椅子にどっしりと座ったウバルさんは、呆れながら僕にそう言って。
「はい、そうです……。面目次第もございません……」
僕は必死に頭を下げた。
「いやいや、ナリオさんは全然悪くねーじゃん」
「そうそう。てか遅れた原因、やっぱりルーマさんなんだ。ま、だいぶオチは分かってたけど。ねえ、ルフーナ」
「え、いや、まあ……。あはは……」
丸いテーブルを囲むように座っているディンさん、キャディさんは僕を擁護するようにそう言ってくれ、同じくテーブルを囲むルフーナさんはキャディさんの言葉に困ったように返していた。
「ま、まあまあ。僕達はそんなに待ってませんから。あまり気を落とさないでください」
「いやー。お前らからそう言われっと気が楽になるぜ。なあ、ナリオ」
「いや、ルーマはもっと申し訳なさそうにして」
「本当す。ルーマさんは反省して欲しいっす」
「その申し訳なさ感ゼロの態度は若干腹立つけど」
「いや、かなり腹立つわ」
「ま、まあまあ……」
ルフーナさん以外の僕らはルーマに対し厳しい意見を告げると、ルーマはばつが悪そうな表情をして。
「いや、マジで悪かったって……」
素直に謝っていた。
少し前、僕は寝ぼけるルーマを何とか起こし、人生最大のダッシュでギルドへと向かった。ギルドに着いたときには、ウバルさんが一人で受付にいた。他の人はどうしたのかと言う僕の問いに対して。

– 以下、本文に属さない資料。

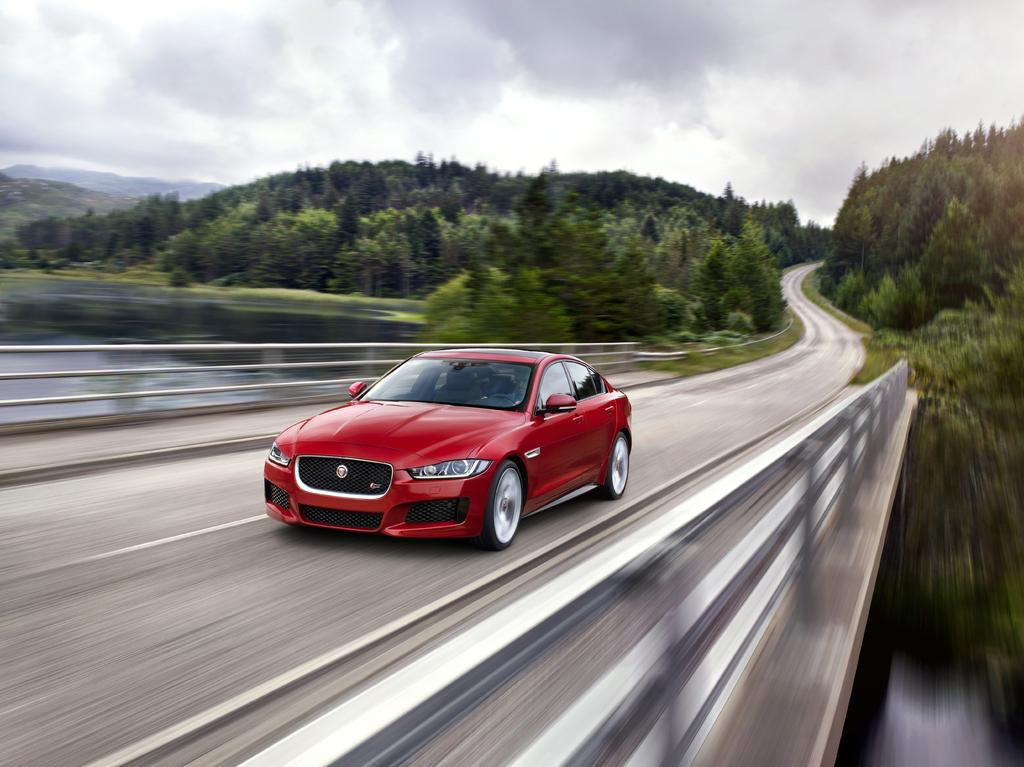What is the main subject of the image? There is a car in the image. How is the car behaving in the image? The car is moving fast in the image. Where is the car located in the image? The car is on a bridge in the image. What can be seen below the bridge? There is water below the bridge. What type of vegetation is visible in the background of the image? There are trees in the background on either side of the road. What is visible at the top of the image? The sky is visible at the top of the image. Can you see an ant carrying a light on the bridge in the image? There is no ant or light present on the bridge in the image. Is there a boat visible in the water below the bridge in the image? There is no boat visible in the water below the bridge in the image. 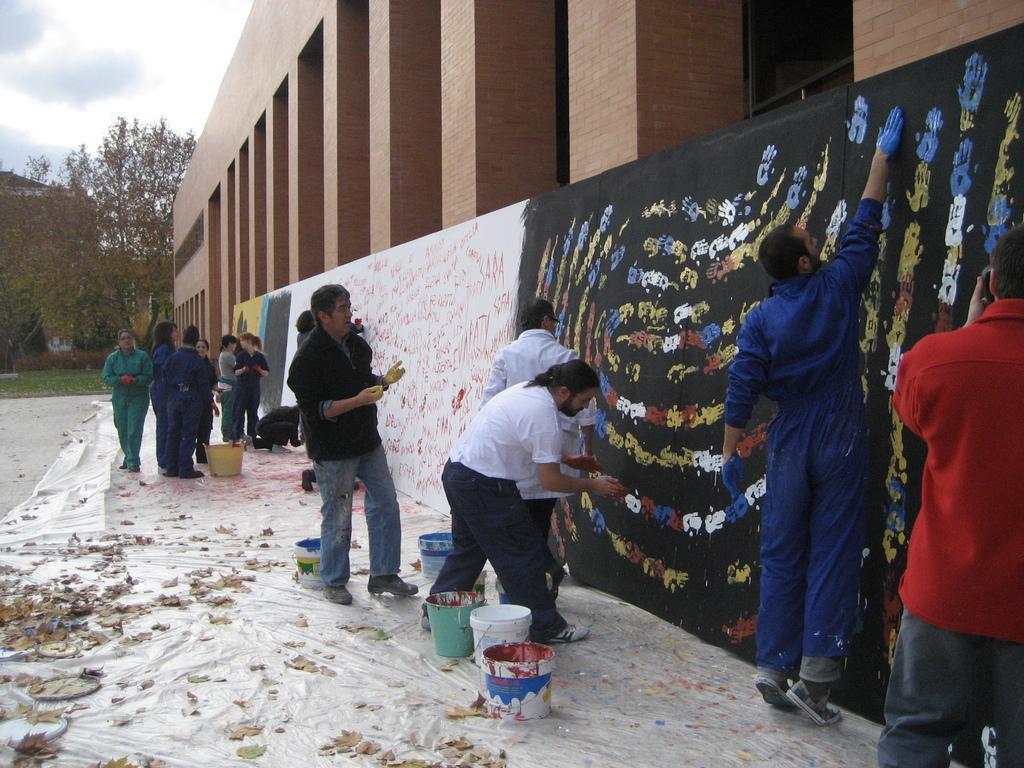Describe this image in one or two sentences. As we can see in the image there are buildings, trees, buckets, leaves, few people and at the top there is sky. 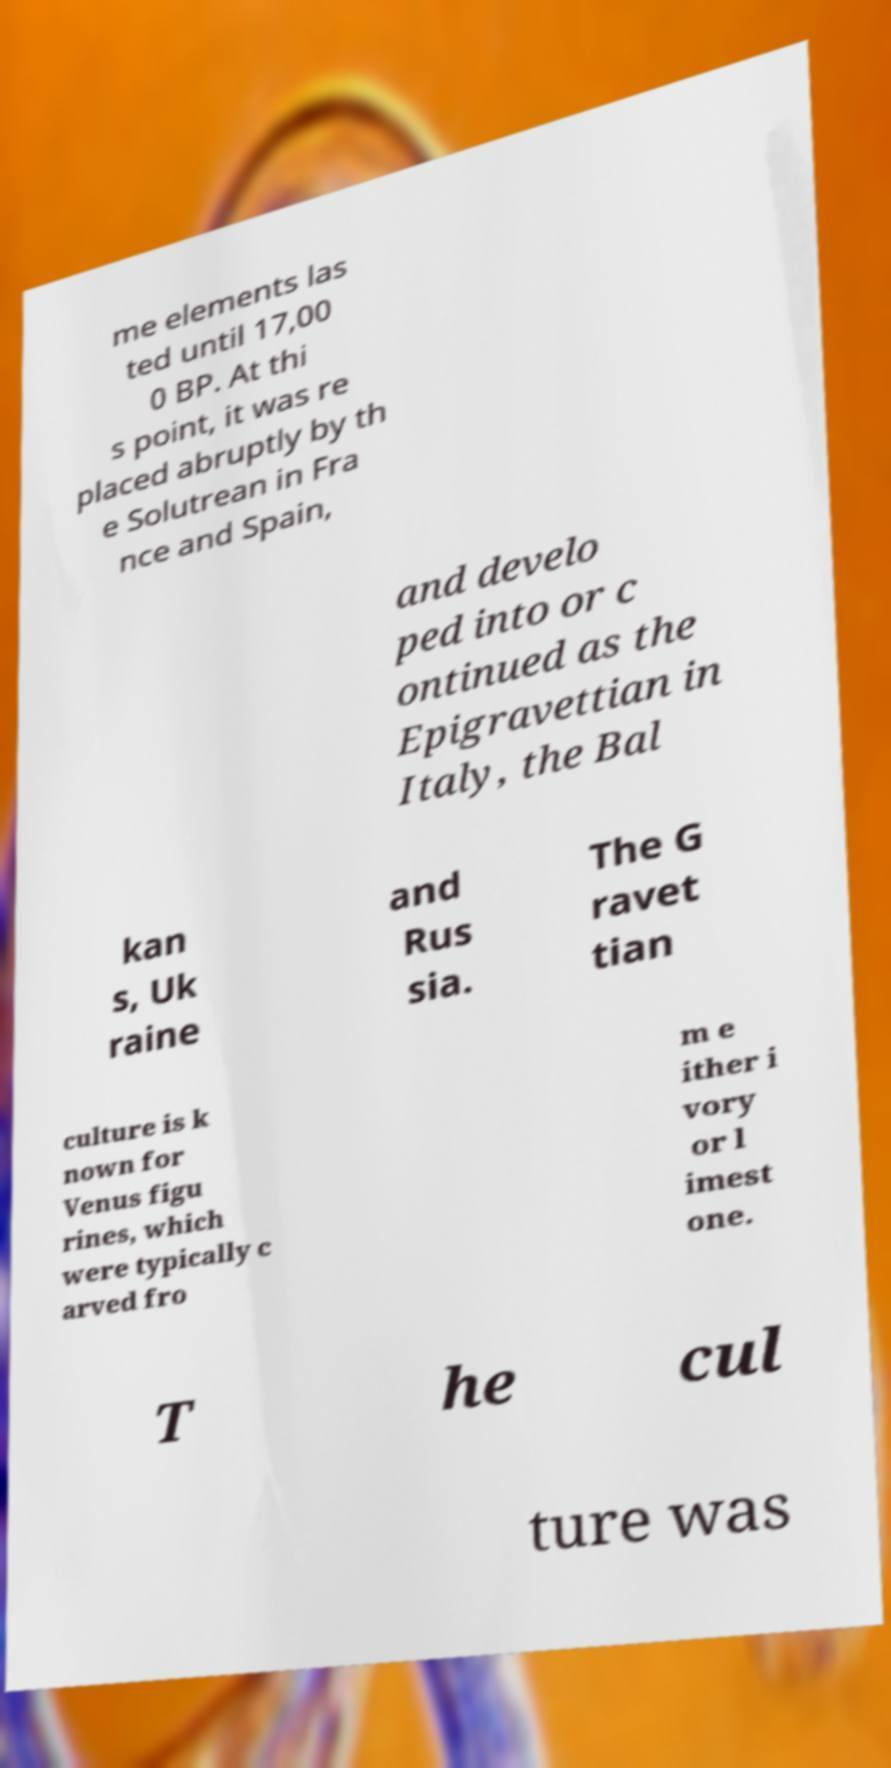Can you read and provide the text displayed in the image?This photo seems to have some interesting text. Can you extract and type it out for me? me elements las ted until 17,00 0 BP. At thi s point, it was re placed abruptly by th e Solutrean in Fra nce and Spain, and develo ped into or c ontinued as the Epigravettian in Italy, the Bal kan s, Uk raine and Rus sia. The G ravet tian culture is k nown for Venus figu rines, which were typically c arved fro m e ither i vory or l imest one. T he cul ture was

「皆、到着していて別の部屋にいるんす。待ち合わせにお二人の姿が見えなかったんで、俺だけここで待っていたんすよ」
なんとウバルさんは律儀にも受付で待っていてくれたのだ。僕は何度もお礼を言い、ウバルさんは僕達を皆が待つ部屋へ案内してくれた。
案内されたギルド受付場のすぐ隣の一室、三つある大きな窓が印象的な広い部屋で、家具等はなく照明と丸いテーブルが二つ、四つのイスが置かれていたシンプルな応接室。入り口から入って左のテーブルにディンさん、キャディさん、ルフーナさんの姿があった。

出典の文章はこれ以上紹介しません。